[Materials provided — start]

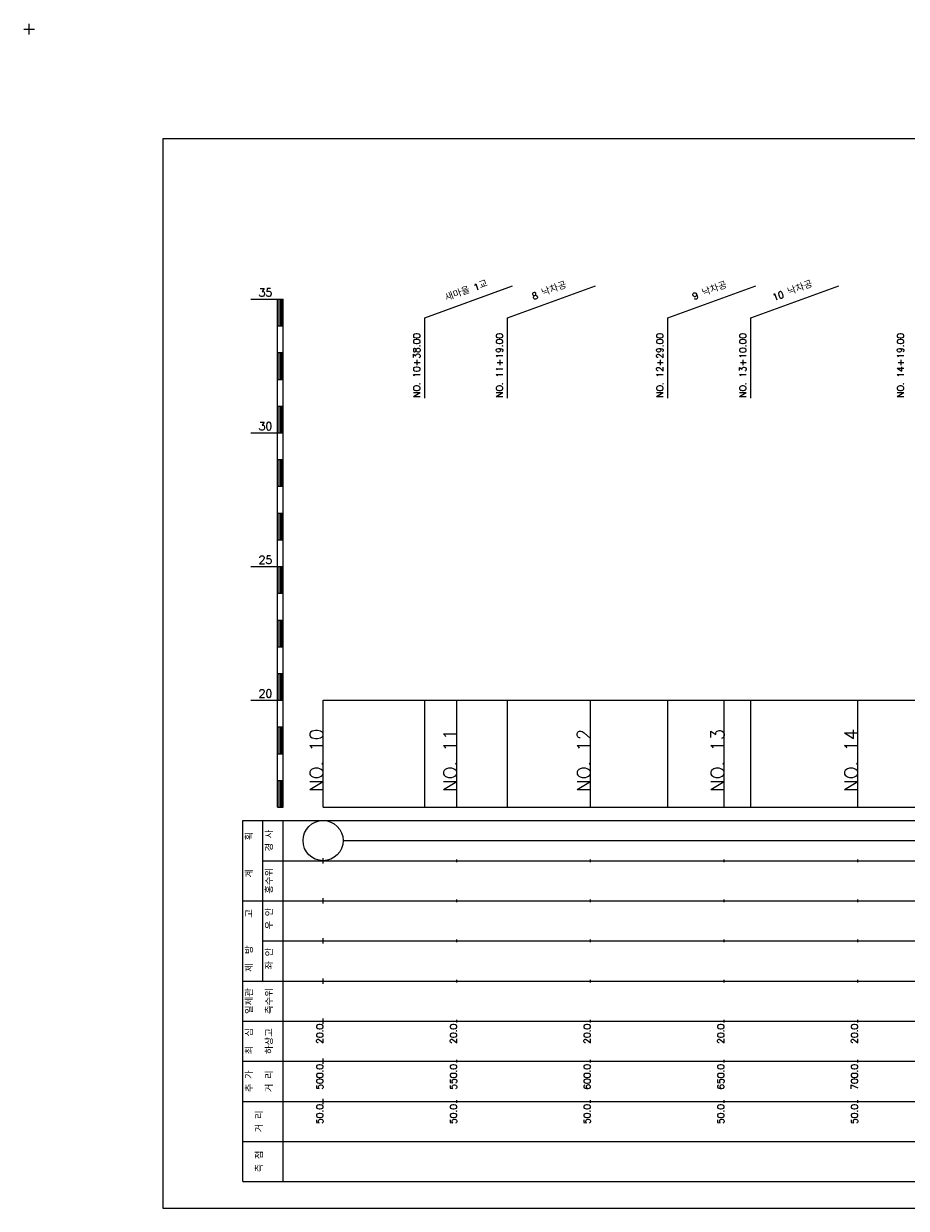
# Model space of a CAD drawing. Extents: x -2 to 685, y -2 to 1451.
# Tile 3 of 6: x -2 to 328, y 525 to 968. Entities that reach past the tile are written whole.
import ezdxf
from ezdxf.enums import TextEntityAlignment as Align

# ---------------------------------------------------------------- set-up
doc = ezdxf.new("R2010")
doc.units = 0
doc.header["$LTSCALE"] = 5
for name, color, linetype in [('BOX', 5, 'CONTINUOUS'), ('DT1', 3, 'CONTINUOUS'), ('LT1', 4, 'CONTINUOUS'), ('ST1', 7, 'CONTINUOUS')]:
    doc.layers.add(name, color=color, linetype=linetype)
doc.styles.add('GHS', font='ROMANS.shx', dxfattribs={"bigfont": 'GHS.shx'})

msp = doc.modelspace()

# ---------------------------------------------------------------- linework, layer by layer
at = {"layer": 'BOX'}
msp.add_lwpolyline([(50, 525), (650, 525), (650, 925), (50, 925), (50, 525)], dxfattribs=at)
at = {"layer": 'DT1'}
for p, q in [((110, 704.33), (110, 706.33)), ((160, 704.83), (160, 705.83)), ((210, 704.83), (210, 705.83)), ((260, 704.83), (260, 705.83)), ((310, 704.83), (310, 705.83))]:
    msp.add_line(p, q, dxfattribs=at)
at = {"layer": 'LT1', "linetype": 'CONTINUOUS'}
for p, q in [((148, 858), (180.89, 869.97)), ((179, 858), (211.89, 869.97)), ((239, 858), (271.89, 869.97)), ((270, 858), (302.89, 869.97)), ((148, 828), (148, 858)), ((179, 828), (179, 858)), ((239, 828), (239, 858)), ((270, 828), (270, 858))]:
    msp.add_line(p, q, dxfattribs=at)
at = {"layer": 'LT1'}
for p, q in [((83, 865), (93, 865)), ((93, 675), (93, 865)), ((93, 865), (95, 865)), ((93.5, 864.8), (93.5, 855.2)), ((94, 864.8), (94, 855.2)), ((94.5, 864.8), (94.5, 855.2)), ((95, 675), (95, 865)), ((93, 855), (95, 855)), ((93, 845), (95, 845)), ((93.5, 844.8), (93.5, 835.2)), ((94, 844.8), (94, 835.2)), ((94.5, 844.8), (94.5, 835.2)), ((93, 835), (95, 835)), ((93, 825), (95, 825)), ((93.5, 824.8), (93.5, 815.2)), ((94, 824.8), (94, 815.2)), ((94.5, 824.8), (94.5, 815.2)), ((83, 815), (93, 815)), ((93, 815), (95, 815)), ((93, 805), (95, 805)), ((93.5, 804.8), (93.5, 795.2)), ((94, 804.8), (94, 795.2)), ((94.5, 804.8), (94.5, 795.2)), ((93, 795), (95, 795)), ((93, 785), (95, 785)), ((93.5, 784.8), (93.5, 775.2)), ((94, 784.8), (94, 775.2)), ((94.5, 784.8), (94.5, 775.2)), ((93, 775), (95, 775)), ((83, 765), (93, 765)), ((93, 765), (95, 765)), ((93.5, 764.8), (93.5, 755.2)), ((94, 764.8), (94, 755.2)), ((94.5, 764.8), (94.5, 755.2)), ((93, 755), (95, 755)), ((93, 745), (95, 745)), ((93.5, 744.8), (93.5, 735.2)), ((94, 744.8), (94, 735.2)), ((94.5, 744.8), (94.5, 735.2)), ((93, 735), (95, 735)), ((93, 725), (95, 725)), ((93.5, 724.8), (93.5, 715.2)), ((94, 724.8), (94, 715.2)), ((94.5, 724.8), (94.5, 715.2)), ((83, 715), (93, 715)), ((93, 715), (95, 715)), ((110, 675), (110, 715)), ((148, 675), (148, 715)), ((160, 675), (160, 715)), ((179, 675), (179, 715)), ((210, 675), (210, 715)), ((239, 675), (239, 715)), ((260, 675), (260, 715)), ((270, 675), (270, 715)), ((310, 675), (310, 715)), ((93, 705), (95, 705)), ((93.5, 704.8), (93.5, 695.2)), ((94, 704.8), (94, 695.2)), ((94.5, 704.8), (94.5, 695.2)), ((93, 695), (95, 695)), ((93, 685), (95, 685)), ((93.5, 684.8), (93.5, 675.2)), ((94, 684.8), (94, 675.2)), ((94.5, 684.8), (94.5, 675.2)), ((93, 675), (95, 675)), ((110, 675), (610, 675)), ((110, 654), (110, 656)), ((160, 654.5), (160, 655.5)), ((210, 654.5), (210, 655.5)), ((260, 654.5), (260, 655.5)), ((310, 654.5), (310, 655.5)), ((110, 639), (110, 641)), ((160, 639.5), (160, 640.5)), ((210, 639.5), (210, 640.5)), ((260, 639.5), (260, 640.5)), ((310, 639.5), (310, 640.5)), ((110, 624), (110, 626)), ((160, 624.5), (160, 625.5)), ((210, 624.5), (210, 625.5)), ((260, 624.5), (260, 625.5)), ((310, 624.5), (310, 625.5)), ((110, 609), (110, 611)), ((160, 609.5), (160, 610.5)), ((210, 609.5), (210, 610.5)), ((260, 609.5), (260, 610.5)), ((310, 609.5), (310, 610.5)), ((110, 594), (110, 596)), ((160, 594.5), (160, 595.5)), ((210, 594.5), (210, 595.5)), ((260, 594.5), (260, 595.5)), ((310, 594.5), (310, 595.5)), ((110, 579), (110, 581)), ((160, 579.5), (160, 580.5)), ((210, 579.5), (210, 580.5)), ((260, 579.5), (260, 580.5)), ((310, 579.5), (310, 580.5)), ((110, 564), (110, 566)), ((160, 564.5), (160, 565.5)), ((210, 564.5), (210, 565.5)), ((260, 564.5), (260, 565.5)), ((310, 564.5), (310, 565.5))]:
    msp.add_line(p, q, dxfattribs=at)
msp.add_lwpolyline([(110, 715), (160, 715), (210, 715), (260, 715), (310, 715), (360, 715), (410, 715), (460, 715), (510, 715), (560, 715), (610, 715)], dxfattribs=at)
at = {"layer": 'ST1'}
for p, q in [((-2, 966), (2, 966)), ((0, 964), (0, 968)), ((80, 535), (80, 670)), ((80, 670), (623, 670)), ((87.5, 640), (87.5, 670)), ((95, 535), (95, 670)), ((87.5, 655), (623, 655)), ((80, 640), (623, 640)), ((87.5, 610), (87.5, 640)), ((87.5, 625), (623, 625)), ((80, 610), (623, 610)), ((80, 595), (623, 595)), ((80, 580), (623, 580)), ((80, 565), (623, 565)), ((80, 550), (623, 550)), ((80, 535), (623, 535))]:
    msp.add_line(p, q, dxfattribs=at)
at = {"layer": 'ST1', "linetype": 'CONTINUOUS'}
msp.add_line((117.5, 662.5), (602.5, 662.5), dxfattribs=at)
msp.add_circle((110, 662.5), 7.5, dxfattribs=at)

# ---------------------------------------------------------------- texts
at = {"layer": 'DT1', "style": 'GHS'}
for s, p in [('35', (91, 866)), ('30', (91, 816)), ('25', (91, 766)), ('20', (91, 716))]:
    msp.add_text(s, height=3, dxfattribs=at).set_placement(p, align=Align.RIGHT)
at = {"layer": 'DT1', "linetype": 'CONTINUOUS', "style": 'GHS'}
for s, rotation, p in [('새마을 1교', 20, (164, 866.99)), ('8 낙차공', 20, (195, 866.99)), ('9 낙차공', 20, (255, 866.99)), ('10 낙차공', 20, (286, 866.99)), ('경 사', 90, (91.25, 662.5)), ('  획', 90, (83.75, 662.5)), ('홍수위', 90, (91.25, 647.5)), ('   계', 90, (83.75, 647.5)), ('   고', 90, (83.75, 632.5)), (' 우 안', 90, (91.25, 632.5)), (' 제  방', 90, (83.75, 617.5)), (' 좌 안', 90, (91.25, 617.5)), ('일제관', 90, (83.75, 602.5)), ('측수위', 90, (91.25, 602.5)), ('최  심', 90, (83.75, 587.5)), ('하상고', 90, (91.25, 587.5)), ('추 가', 90, (83.75, 572.5)), ('거 리', 90, (91.25, 572.5)), ('거 리', 90, (87.5, 557.5)), ('측 점', 90, (87.5, 542.5))]:
    msp.add_text(s, height=2.5, rotation=rotation, dxfattribs=at).set_placement(p, align=Align.CENTER)
for s, p in [('NO. 10+38.00 ', (146.25, 828.12)), ('NO. 11+19.00 ', (177.25, 828.12)), ('NO. 12+29.00 ', (237.25, 828.12)), ('NO. 13+10.00 ', (268.25, 828.12)), ('NO. 14+19.00 ', (327.25, 828.12))]:
    msp.add_text(s, height=2.5, rotation=90, dxfattribs=at).set_placement(p)
at = {"layer": 'DT1', "style": 'GHS'}
for s, height, p in [('NO. 10', 5, (110, 704.33)), ('NO. 11', 5, (160, 704.33)), ('NO. 12', 5, (210, 704.33)), ('NO. 13', 5, (260, 704.33)), ('NO. 14', 5, (310, 704.33)), (' 20.0', 2.5, (110, 594)), (' 20.0', 2.5, (160, 594)), (' 20.0', 2.5, (210, 594)), (' 20.0', 2.5, (260, 594)), (' 20.0', 2.5, (310, 594)), ('   500.0', 2.5, (110, 579)), ('   550.0', 2.5, (160, 579)), ('   600.0', 2.5, (210, 579)), ('   650.0', 2.5, (260, 579)), ('   700.0', 2.5, (310, 579)), ('  50.0', 2.5, (110, 564)), ('  50.0', 2.5, (160, 564)), ('  50.0', 2.5, (210, 564)), ('  50.0', 2.5, (260, 564)), ('  50.0', 2.5, (310, 564))]:
    msp.add_text(s, height=height, rotation=90, dxfattribs=at).set_placement(p, align=Align.RIGHT)

doc.saveas('drawing.dxf')

[Materials provided — finish]

◆ **Aim of the exercise**:
All lines above from the line with "from ezdxf.enums import" through the line with "layer by layer", both included, are to be set down exactly, with nothing else.

◆ **Exercise output**:
from ezdxf.enums import TextEntityAlignment as Align

# ---------------------------------------------------------------- set-up
doc = ezdxf.new("R2010")
doc.units = 0
doc.header["$LTSCALE"] = 5
for name, color, linetype in [('BOX', 5, 'CONTINUOUS'), ('DT1', 3, 'CONTINUOUS'), ('LT1', 4, 'CONTINUOUS'), ('ST1', 7, 'CONTINUOUS')]:
    doc.layers.add(name, color=color, linetype=linetype)
doc.styles.add('GHS', font='ROMANS.shx', dxfattribs={"bigfont": 'GHS.shx'})

msp = doc.modelspace()

# ---------------------------------------------------------------- linework, layer by layer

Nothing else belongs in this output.